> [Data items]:

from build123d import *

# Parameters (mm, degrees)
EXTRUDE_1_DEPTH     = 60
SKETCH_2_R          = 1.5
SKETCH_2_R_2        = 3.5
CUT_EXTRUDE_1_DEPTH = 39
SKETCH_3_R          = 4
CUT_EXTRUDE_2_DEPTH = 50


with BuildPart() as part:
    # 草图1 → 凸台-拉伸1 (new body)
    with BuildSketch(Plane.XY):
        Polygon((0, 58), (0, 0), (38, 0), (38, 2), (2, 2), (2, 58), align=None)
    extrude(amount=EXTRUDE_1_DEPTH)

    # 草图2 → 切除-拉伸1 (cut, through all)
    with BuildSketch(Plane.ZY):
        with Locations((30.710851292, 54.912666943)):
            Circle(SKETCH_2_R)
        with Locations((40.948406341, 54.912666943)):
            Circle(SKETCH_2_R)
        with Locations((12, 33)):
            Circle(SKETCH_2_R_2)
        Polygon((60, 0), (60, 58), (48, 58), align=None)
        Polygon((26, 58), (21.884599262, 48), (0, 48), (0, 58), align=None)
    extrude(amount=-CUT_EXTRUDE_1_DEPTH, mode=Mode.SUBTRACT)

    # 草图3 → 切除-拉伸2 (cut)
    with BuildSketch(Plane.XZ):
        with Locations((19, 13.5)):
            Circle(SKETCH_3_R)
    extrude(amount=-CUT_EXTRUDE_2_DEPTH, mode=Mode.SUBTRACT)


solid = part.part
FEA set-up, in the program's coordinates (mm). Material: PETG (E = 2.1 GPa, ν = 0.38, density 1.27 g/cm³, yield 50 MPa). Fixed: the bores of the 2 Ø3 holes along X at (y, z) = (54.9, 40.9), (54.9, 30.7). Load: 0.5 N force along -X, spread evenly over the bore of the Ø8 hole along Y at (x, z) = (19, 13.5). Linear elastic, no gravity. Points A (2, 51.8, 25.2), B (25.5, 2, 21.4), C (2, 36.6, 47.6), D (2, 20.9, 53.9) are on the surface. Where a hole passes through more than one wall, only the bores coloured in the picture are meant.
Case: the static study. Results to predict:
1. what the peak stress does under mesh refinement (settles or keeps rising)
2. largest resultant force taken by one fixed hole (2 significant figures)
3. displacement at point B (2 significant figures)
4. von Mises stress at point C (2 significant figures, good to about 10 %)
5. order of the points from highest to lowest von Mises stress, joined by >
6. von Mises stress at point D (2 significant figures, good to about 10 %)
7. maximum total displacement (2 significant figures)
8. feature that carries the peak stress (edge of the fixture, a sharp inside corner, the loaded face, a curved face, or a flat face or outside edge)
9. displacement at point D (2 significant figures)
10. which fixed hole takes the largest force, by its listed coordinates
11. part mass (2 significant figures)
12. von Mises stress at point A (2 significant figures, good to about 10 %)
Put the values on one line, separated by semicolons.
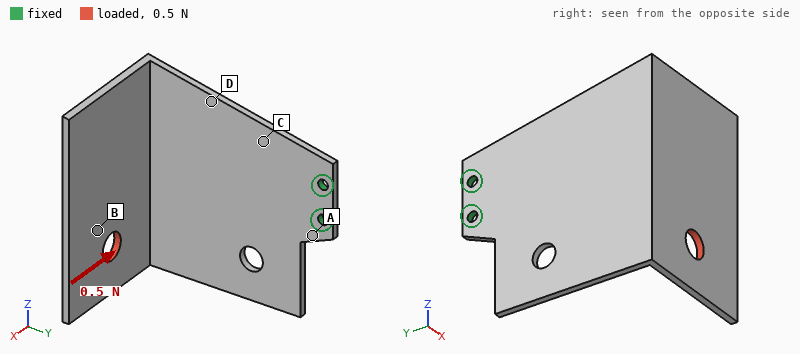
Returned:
keeps rising; 0.99 N; 0.69 mm; 0.77 MPa; A > C > D > B; 0.37 MPa; 0.92 mm; edge of the fixture; 0.17 mm; (54.9, 30.7); 13 g; 1.7 MPa
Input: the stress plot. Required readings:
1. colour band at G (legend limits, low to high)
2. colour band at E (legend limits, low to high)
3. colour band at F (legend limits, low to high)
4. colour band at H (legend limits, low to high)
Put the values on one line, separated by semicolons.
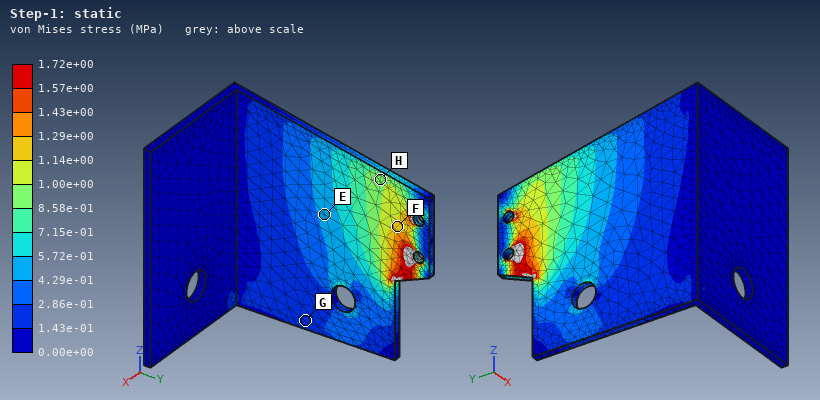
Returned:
1.43e-01 to 2.86e-01 MPa; 4.29e-01 to 5.72e-01 MPa; 1.14e+00 to 1.29e+00 MPa; 8.58e-01 to 1.00e+00 MPa
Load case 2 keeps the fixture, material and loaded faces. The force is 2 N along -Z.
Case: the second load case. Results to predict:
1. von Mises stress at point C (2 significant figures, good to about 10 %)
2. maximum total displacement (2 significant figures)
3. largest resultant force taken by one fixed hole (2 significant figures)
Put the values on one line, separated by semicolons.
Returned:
1.2 MPa; 0.98 mm; 8.7 N
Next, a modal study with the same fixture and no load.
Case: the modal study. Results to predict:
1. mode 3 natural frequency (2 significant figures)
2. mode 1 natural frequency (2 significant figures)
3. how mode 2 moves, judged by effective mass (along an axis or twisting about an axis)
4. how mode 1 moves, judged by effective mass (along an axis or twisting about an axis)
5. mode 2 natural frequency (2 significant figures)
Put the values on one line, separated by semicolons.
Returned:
200 Hz; 51 Hz; along Z; along X; 97 Hz

> [Task details]: All lines from the one containing "4. colour band" to the last line of the data above, both included, should be printed exactly, and the pictures should not appear.

> [Solution for this exercise]:
4. colour band at H (legend limits, low to high)
Put the values on one line, separated by semicolons.
Returned:
1.43e-01 to 2.86e-01 MPa; 4.29e-01 to 5.72e-01 MPa; 1.14e+00 to 1.29e+00 MPa; 8.58e-01 to 1.00e+00 MPa
Load case 2 keeps the fixture, material and loaded faces. The force is 2 N along -Z.
Case: the second load case. Results to predict:
1. von Mises stress at point C (2 significant figures, good to about 10 %)
2. maximum total displacement (2 significant figures)
3. largest resultant force taken by one fixed hole (2 significant figures)
Put the values on one line, separated by semicolons.
Returned:
1.2 MPa; 0.98 mm; 8.7 N
Next, a modal study with the same fixture and no load.
Case: the modal study. Results to predict:
1. mode 3 natural frequency (2 significant figures)
2. mode 1 natural frequency (2 significant figures)
3. how mode 2 moves, judged by effective mass (along an axis or twisting about an axis)
4. how mode 1 moves, judged by effective mass (along an axis or twisting about an axis)
5. mode 2 natural frequency (2 significant figures)
Put the values on one line, separated by semicolons.
Returned:
200 Hz; 51 Hz; along Z; along X; 97 Hz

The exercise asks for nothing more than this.